The PCC said he feared plans to recruit an extra 20,000 new police officers over the next 12 months were underfunded by more than £100m - and that the shortfall would need to be plugged by further efficiency savings. 

He was speaking in the House of Lords as part of a debate about the Government’s plans for the year ahead, as outlined in the Queen’s Speech. 

While welcoming the national uplift, the PCC told the House that police officer numbers had fallen nationally - by more than 21,000 officers - since 2010 and that reinforcements would simply “cancel” some of the cuts brought by austerity.
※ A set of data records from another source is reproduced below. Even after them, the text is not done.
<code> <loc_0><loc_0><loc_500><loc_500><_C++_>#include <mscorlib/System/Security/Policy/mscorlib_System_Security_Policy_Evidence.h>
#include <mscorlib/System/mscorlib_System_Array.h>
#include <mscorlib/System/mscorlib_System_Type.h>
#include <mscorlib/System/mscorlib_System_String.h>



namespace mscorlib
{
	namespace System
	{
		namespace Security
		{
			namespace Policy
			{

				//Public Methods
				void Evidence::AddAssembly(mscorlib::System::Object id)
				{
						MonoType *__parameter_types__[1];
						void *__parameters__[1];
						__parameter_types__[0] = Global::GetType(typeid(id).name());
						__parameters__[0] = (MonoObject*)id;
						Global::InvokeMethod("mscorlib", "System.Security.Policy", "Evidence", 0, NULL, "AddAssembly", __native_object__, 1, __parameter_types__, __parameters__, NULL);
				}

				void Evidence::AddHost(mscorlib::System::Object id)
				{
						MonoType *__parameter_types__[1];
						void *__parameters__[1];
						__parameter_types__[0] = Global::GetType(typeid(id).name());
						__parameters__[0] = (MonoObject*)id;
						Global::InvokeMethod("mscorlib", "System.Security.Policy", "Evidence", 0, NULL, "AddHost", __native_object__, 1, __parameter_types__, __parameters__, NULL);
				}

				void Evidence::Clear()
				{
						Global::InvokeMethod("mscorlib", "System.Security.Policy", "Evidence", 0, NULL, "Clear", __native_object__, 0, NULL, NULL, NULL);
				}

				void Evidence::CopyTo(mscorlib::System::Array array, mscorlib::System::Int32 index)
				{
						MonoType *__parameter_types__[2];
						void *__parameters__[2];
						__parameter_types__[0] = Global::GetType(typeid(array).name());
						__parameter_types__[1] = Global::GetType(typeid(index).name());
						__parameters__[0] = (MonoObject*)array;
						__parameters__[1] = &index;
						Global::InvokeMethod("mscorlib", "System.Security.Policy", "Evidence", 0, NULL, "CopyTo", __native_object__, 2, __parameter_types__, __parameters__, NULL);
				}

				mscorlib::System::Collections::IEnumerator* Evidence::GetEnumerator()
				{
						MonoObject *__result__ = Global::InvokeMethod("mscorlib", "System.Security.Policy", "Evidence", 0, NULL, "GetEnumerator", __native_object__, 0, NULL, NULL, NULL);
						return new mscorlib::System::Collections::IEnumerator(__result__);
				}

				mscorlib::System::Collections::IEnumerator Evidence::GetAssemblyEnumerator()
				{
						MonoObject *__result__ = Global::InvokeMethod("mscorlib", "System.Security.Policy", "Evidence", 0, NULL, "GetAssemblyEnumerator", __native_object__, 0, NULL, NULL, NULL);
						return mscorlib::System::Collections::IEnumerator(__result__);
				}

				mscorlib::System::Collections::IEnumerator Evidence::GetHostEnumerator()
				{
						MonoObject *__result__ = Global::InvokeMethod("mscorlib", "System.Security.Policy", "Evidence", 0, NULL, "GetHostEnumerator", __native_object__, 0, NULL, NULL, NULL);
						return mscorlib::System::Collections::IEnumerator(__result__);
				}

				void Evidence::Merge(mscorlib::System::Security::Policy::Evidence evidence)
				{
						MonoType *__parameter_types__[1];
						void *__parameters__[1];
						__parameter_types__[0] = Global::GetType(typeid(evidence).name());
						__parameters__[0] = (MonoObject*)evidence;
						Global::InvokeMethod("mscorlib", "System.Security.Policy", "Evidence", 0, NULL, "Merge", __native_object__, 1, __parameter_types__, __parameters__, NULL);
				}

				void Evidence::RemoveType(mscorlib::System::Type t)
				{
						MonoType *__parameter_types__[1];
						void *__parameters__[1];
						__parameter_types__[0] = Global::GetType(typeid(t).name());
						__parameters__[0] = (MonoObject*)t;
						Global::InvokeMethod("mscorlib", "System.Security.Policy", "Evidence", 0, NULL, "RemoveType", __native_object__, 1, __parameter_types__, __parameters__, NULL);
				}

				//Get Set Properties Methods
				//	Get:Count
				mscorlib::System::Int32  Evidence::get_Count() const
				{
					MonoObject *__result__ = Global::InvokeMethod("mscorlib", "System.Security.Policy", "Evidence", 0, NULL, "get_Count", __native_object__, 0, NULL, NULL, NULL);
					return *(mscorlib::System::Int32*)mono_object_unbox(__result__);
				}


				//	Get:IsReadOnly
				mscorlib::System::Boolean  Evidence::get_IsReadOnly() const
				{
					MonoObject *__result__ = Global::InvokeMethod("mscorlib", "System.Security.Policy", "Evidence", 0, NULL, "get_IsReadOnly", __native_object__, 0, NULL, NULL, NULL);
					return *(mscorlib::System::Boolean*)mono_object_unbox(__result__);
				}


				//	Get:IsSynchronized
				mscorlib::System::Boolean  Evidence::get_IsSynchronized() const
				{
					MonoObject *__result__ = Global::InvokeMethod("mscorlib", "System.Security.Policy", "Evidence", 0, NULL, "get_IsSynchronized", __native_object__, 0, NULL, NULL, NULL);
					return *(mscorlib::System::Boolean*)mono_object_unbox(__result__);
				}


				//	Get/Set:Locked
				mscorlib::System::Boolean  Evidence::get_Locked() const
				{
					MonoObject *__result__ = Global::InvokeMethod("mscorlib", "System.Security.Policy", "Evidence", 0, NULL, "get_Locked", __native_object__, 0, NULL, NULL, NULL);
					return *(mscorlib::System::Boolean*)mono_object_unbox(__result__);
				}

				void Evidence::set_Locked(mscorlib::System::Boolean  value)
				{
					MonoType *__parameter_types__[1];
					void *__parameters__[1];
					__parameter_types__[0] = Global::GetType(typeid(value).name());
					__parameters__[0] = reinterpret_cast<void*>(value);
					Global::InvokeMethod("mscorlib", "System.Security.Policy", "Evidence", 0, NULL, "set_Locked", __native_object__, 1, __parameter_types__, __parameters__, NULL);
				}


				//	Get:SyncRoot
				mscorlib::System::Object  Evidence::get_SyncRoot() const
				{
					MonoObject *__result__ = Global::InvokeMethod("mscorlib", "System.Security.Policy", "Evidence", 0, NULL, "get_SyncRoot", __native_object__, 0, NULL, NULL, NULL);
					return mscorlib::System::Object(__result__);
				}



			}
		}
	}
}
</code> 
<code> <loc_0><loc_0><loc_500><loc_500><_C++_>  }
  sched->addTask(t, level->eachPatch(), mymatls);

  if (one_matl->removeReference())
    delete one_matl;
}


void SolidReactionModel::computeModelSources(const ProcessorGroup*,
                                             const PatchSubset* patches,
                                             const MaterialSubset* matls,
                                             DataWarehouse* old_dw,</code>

And questioning the figures behind the national recruitment plans, he said: “Another challenge that I raise, in a gentle spirit, is this: it looks as though the Government will be allocating £750 million to fund the recruitment of these 20,000 new police officers. But will police and crime commissioners and chief constables actually receive that money? The figure may be nearer £630 million; the rest, as the Government have already said, must come from that old favourite, efficiency savings.

“I fear that the promise of 20,000 police officers set out in the manifesto is underfunded by over £100 million. Finding that sort of money for a police force after a decade of austerity, in an environment where approaching nine-tenths of the cost are taken up by salaries, will be a challenge, to put it mildly.

“Indeed, if it is £630 million for 20,000 police officers, that is £31,500 per post. The actual cost of a police officer is much nearer £50,000 per officer so there will be underspending - an underfund - unless we are very careful.

“On top of that there are the infrastructure costs associated with the increase in police officer numbers, recruitment, training, ICT, vehicles and equipment, and those non-salary costs are not captured in the on-costs of police officers.”

Locally, he said officer numbers in Leicestershire had fallen from over 2,300 in 2010 to 1,800 in 2016, which equates to 500 fewer police officers at a time when the population had grown by 10% to 1.1 million. Recorded crime has also doubled, he added.

In addition to asking the Government to take a fresh look at funding, the PCC said it would be an error to impose a limit in this year’s precept.

“Of course, the policy change is very welcome but all Governments, whatever their complexion, are fond of giving with one hand and taking away with another,” he said.

“With all the pressures that there are on police forces up and down the country—those pressures of course include recruitment as well as serious violent crime and other matters that the House knows well—I argue that it would be a major error for the Government to limit the amount that police and crime commissioners are able to precept in the coming settlement.”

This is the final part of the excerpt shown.